Copy out all lines in the material below that contain the string "hand".

********************

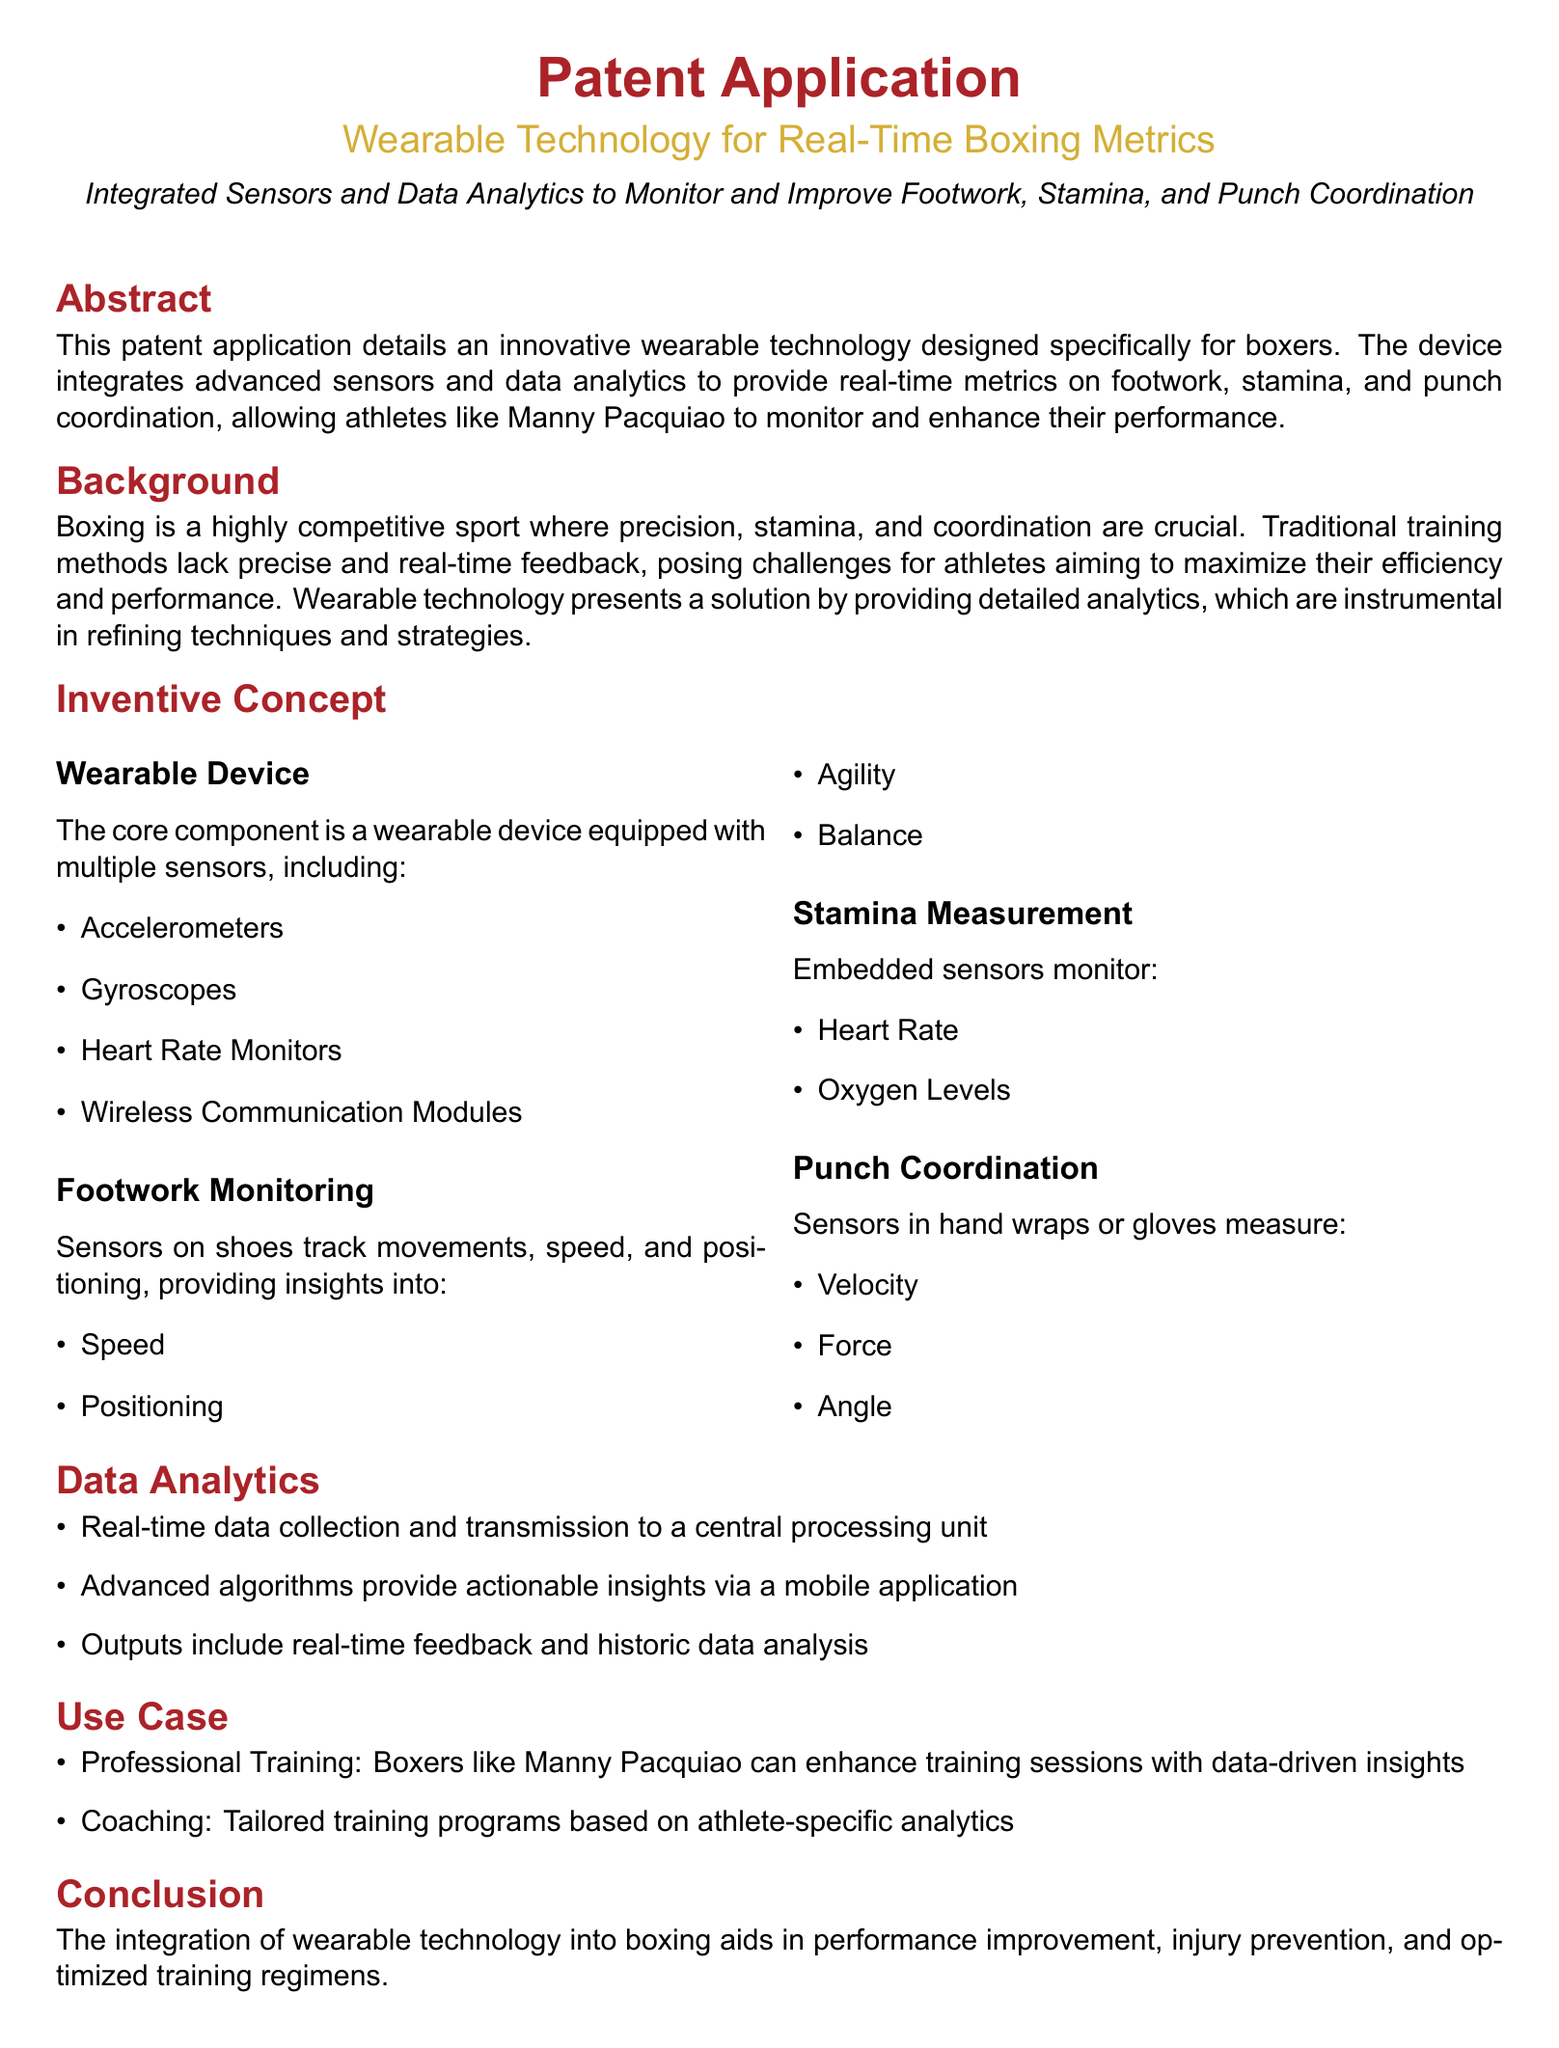What is the main purpose of the patent application? The purpose of the patent application is to detail an innovative wearable technology designed specifically for boxers.
Answer: wearable technology for boxers Which boxer is mentioned as a potential user of the device? The document mentions Manny Pacquiao as a potential user of the device.
Answer: Manny Pacquiao What integrated sensors are included in the wearable device? The sensors include accelerometers, gyroscopes, heart rate monitors, and wireless communication modules.
Answer: accelerometers, gyroscopes, heart rate monitors, wireless communication modules What does the footwork monitoring section track? The footwork monitoring section tracks movements, speed, and positioning.
Answer: movements, speed, positioning How is punch coordination measured? Punch coordination is measured using sensors in hand wraps or gloves.
Answer: sensors in hand wraps or gloves What type of data analytics does the device provide? The device provides real-time data collection and advanced algorithms.
Answer: real-time data collection and advanced algorithms What benefit does the device offer for coaching? The device offers tailored training programs based on athlete-specific analytics.
Answer: tailored training programs What are the two main claims made in the patent? The claims involve a wearable device for monitoring footwork, stamina, and punch coordination, and immediate feedback with data analysis for performance improvement.
Answer: monitoring footwork, stamina, punch coordination; immediate feedback and data analysis How does the device aid in performance improvement? The device aids in performance improvement by integrating wearable technology into boxing.
Answer: integrating wearable technology into boxing 
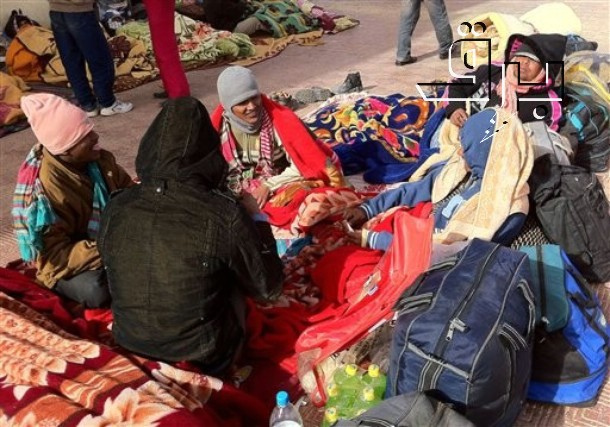How does this image make you feel, and why? This image evokes a sense of warmth and solidarity. Despite the cold environment suggested by their heavy winter clothing, the individuals appear to be finding comfort and companionship in each other's presence. The colorful blankets and bags add a touch of vibrancy, indicating that they strive to maintain some level of cheerfulness and normalcy. Seeing such a strong bond amidst challenging conditions brings a feeling of hope and resilience. 
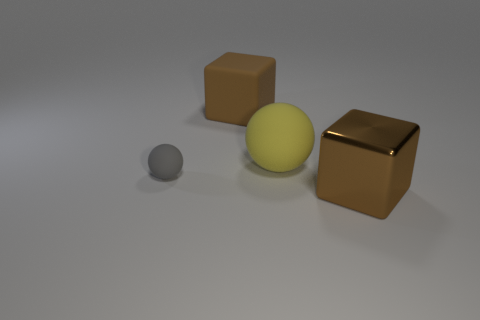Add 3 small rubber spheres. How many objects exist? 7 Subtract 0 purple cylinders. How many objects are left? 4 Subtract all small things. Subtract all yellow things. How many objects are left? 2 Add 2 large brown matte things. How many large brown matte things are left? 3 Add 1 big shiny blocks. How many big shiny blocks exist? 2

********************

= EXERCISE RESULT =
Answer: movements, speed, positioning How is punch coordination measured? Punch coordination is measured using sensors in hand wraps or gloves.
Answer: sensors in hand wraps or gloves What type of data analytics does the device provide? The device provides real-time data collection and advanced algorithms.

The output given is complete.